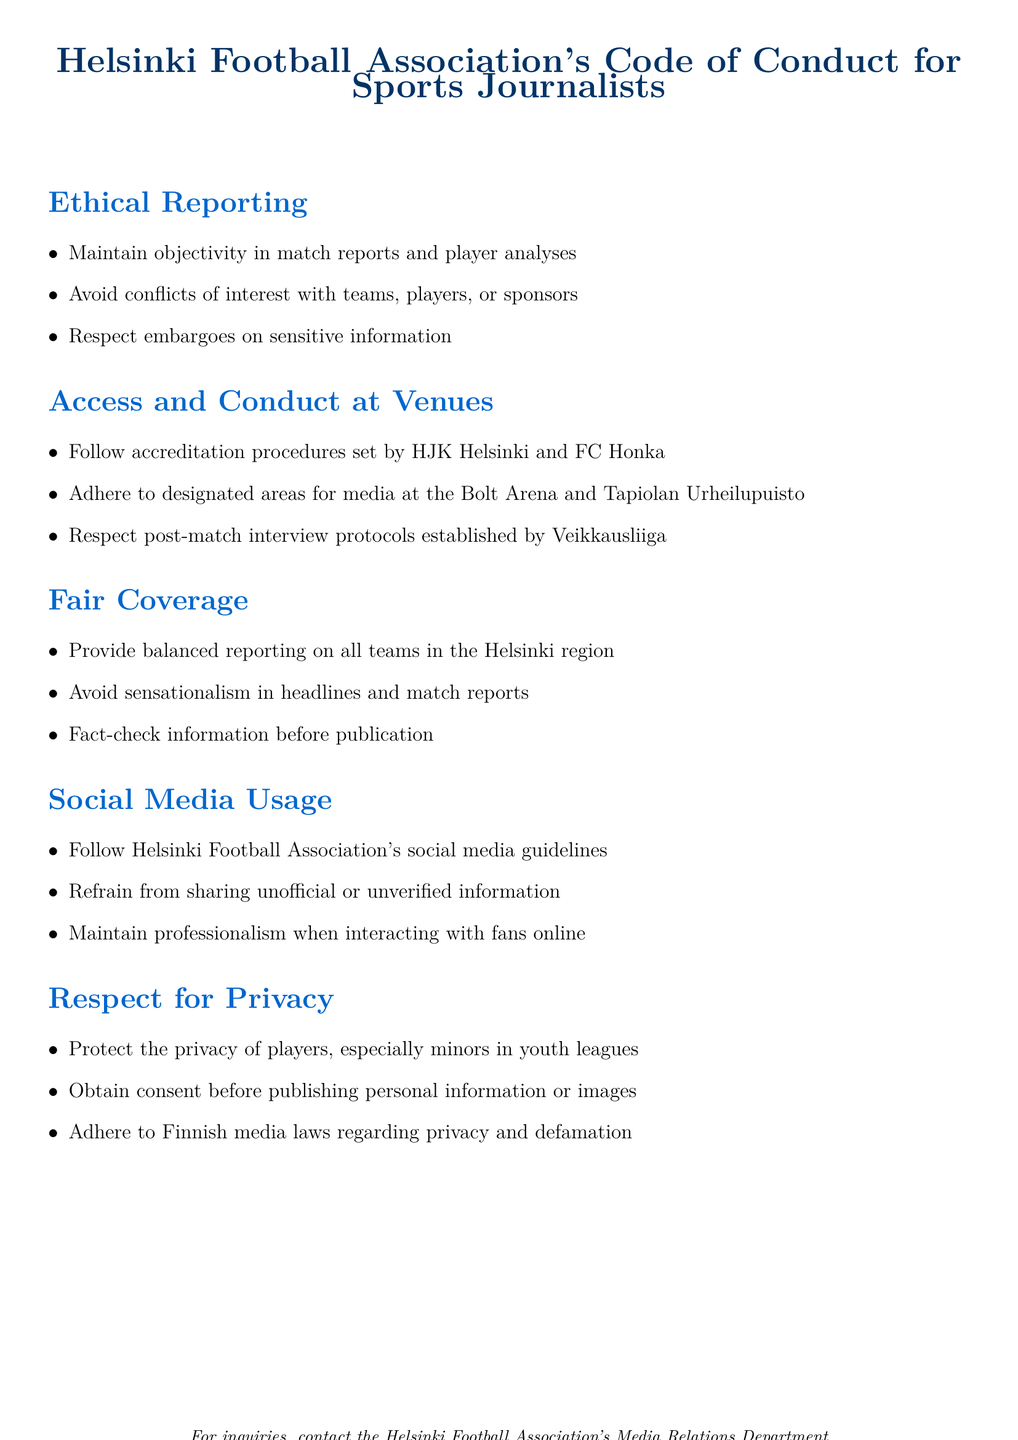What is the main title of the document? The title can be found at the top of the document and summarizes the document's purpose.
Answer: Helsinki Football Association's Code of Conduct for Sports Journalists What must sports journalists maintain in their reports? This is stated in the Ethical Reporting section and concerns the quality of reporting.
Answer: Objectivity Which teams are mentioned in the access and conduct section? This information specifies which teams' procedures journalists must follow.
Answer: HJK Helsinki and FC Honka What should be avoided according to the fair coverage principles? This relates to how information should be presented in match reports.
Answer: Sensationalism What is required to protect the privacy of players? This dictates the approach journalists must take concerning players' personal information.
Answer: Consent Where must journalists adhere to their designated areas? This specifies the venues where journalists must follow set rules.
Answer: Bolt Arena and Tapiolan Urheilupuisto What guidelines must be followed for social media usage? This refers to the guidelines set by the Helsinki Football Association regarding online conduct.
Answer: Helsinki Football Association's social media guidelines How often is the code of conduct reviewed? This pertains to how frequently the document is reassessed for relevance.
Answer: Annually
━━━━━━━━━━━━━━━━
Go through the material and say how many lines include "their". The number alone will do.

2